GOAL OF THE EXERCISE: All that is needed is every line of the listing below that has "cuboid".
**** RAW DATA ****
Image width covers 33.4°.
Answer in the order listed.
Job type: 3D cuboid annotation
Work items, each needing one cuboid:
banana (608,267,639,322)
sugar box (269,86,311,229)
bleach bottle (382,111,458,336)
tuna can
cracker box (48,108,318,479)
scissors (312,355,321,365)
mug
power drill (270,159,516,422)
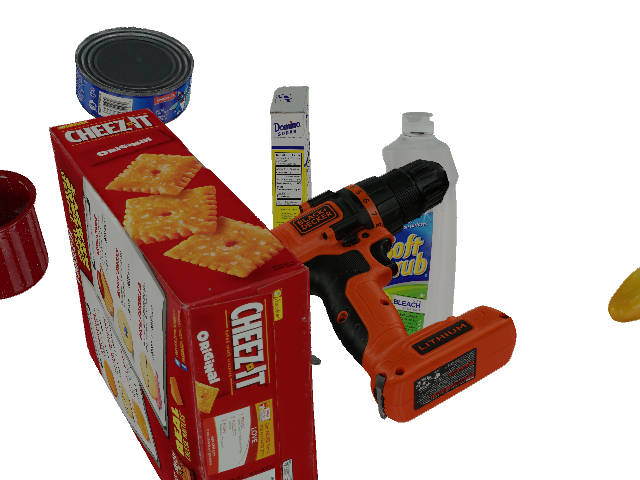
[{"bbox_3d":[0.292,0.023,0.739,0.198,0.037,0.069,-3,34,1],"label":"banana"},{"bbox_3d":[-0.034,-0.081,1.236,0.048,0.176,0.093,-2,26,3],"label":"sugar box"},{"bbox_3d":[0.085,-0.003,1.066,0.103,0.251,0.068,9,18,26],"label":"bleach bottle"},{"bbox_3d":[-0.137,-0.120,0.787,0.086,0.034,0.086,6,42,-6],"label":"tuna can"},{"bbox_3d":[-0.078,0.041,0.591,0.072,0.164,0.214,-16,34,-22],"label":"cracker box"},{"bbox_3d":[-0.098,0.081,1.031,0.201,0.016,0.096,6,31,1],"label":"scissors"},{"bbox_3d":[-0.291,-0.010,0.945,0.093,0.081,0.117,-14,42,-11],"label":"mug"},{"bbox_3d":[0.055,0.028,0.773,0.184,0.057,0.188,-29,49,-16],"label":"power drill"}]
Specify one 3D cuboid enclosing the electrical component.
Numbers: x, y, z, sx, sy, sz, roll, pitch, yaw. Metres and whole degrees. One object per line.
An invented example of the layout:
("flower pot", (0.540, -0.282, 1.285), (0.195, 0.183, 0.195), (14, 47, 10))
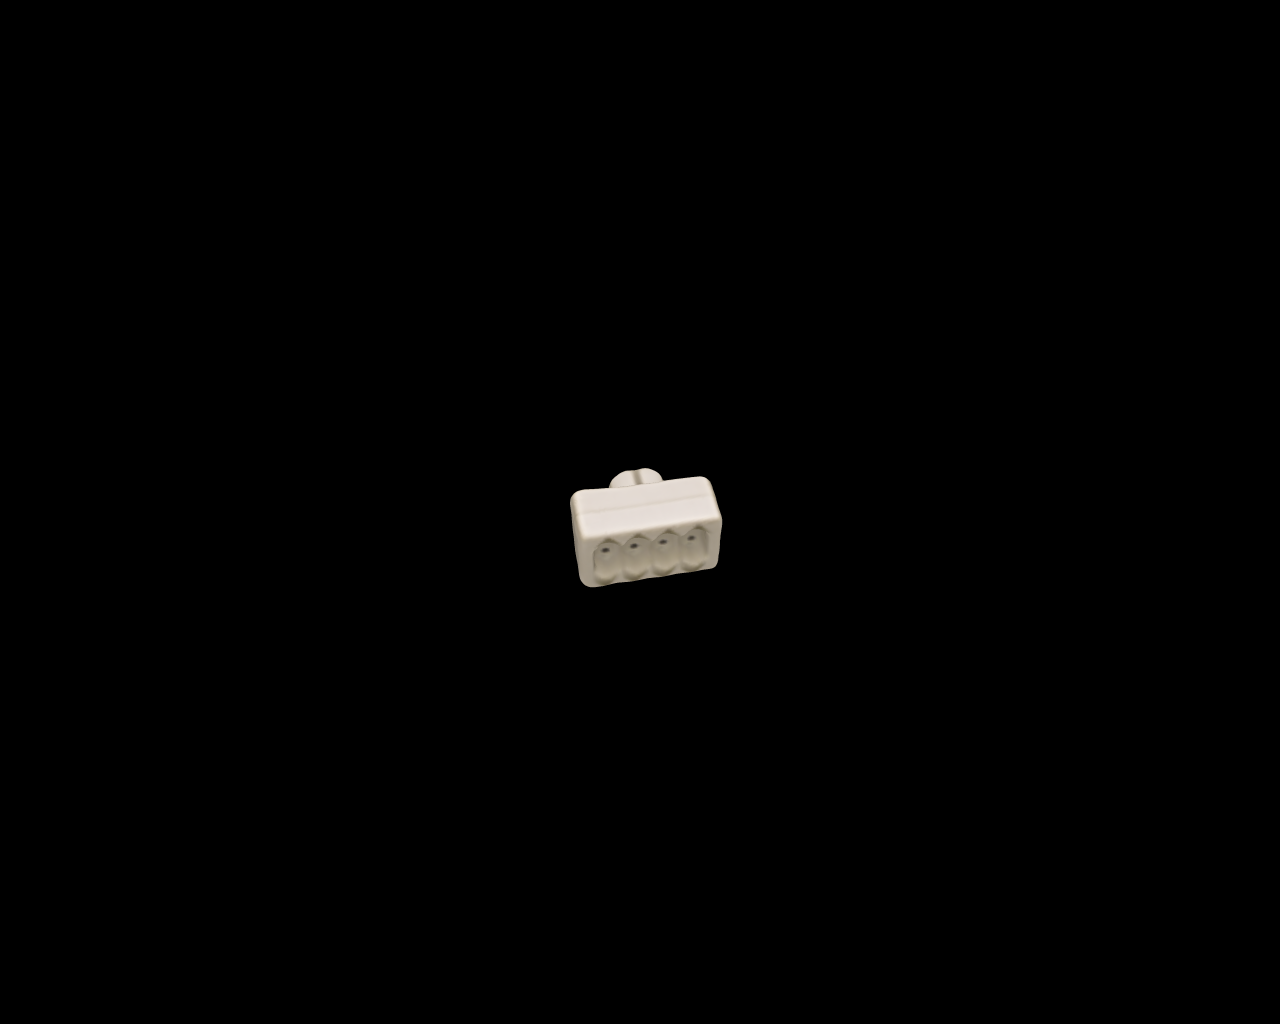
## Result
("electrical component", (0.001, -0.003, 0.650), (0.083, 0.076, 0.047), (-7, -40, -6))
****
RESPONSE TO THIS EXERCISE:
Job type: 3D cuboid annotation
Work items, each needing one cuboid:
Specify one 3D cuboid enclosing the electrical component.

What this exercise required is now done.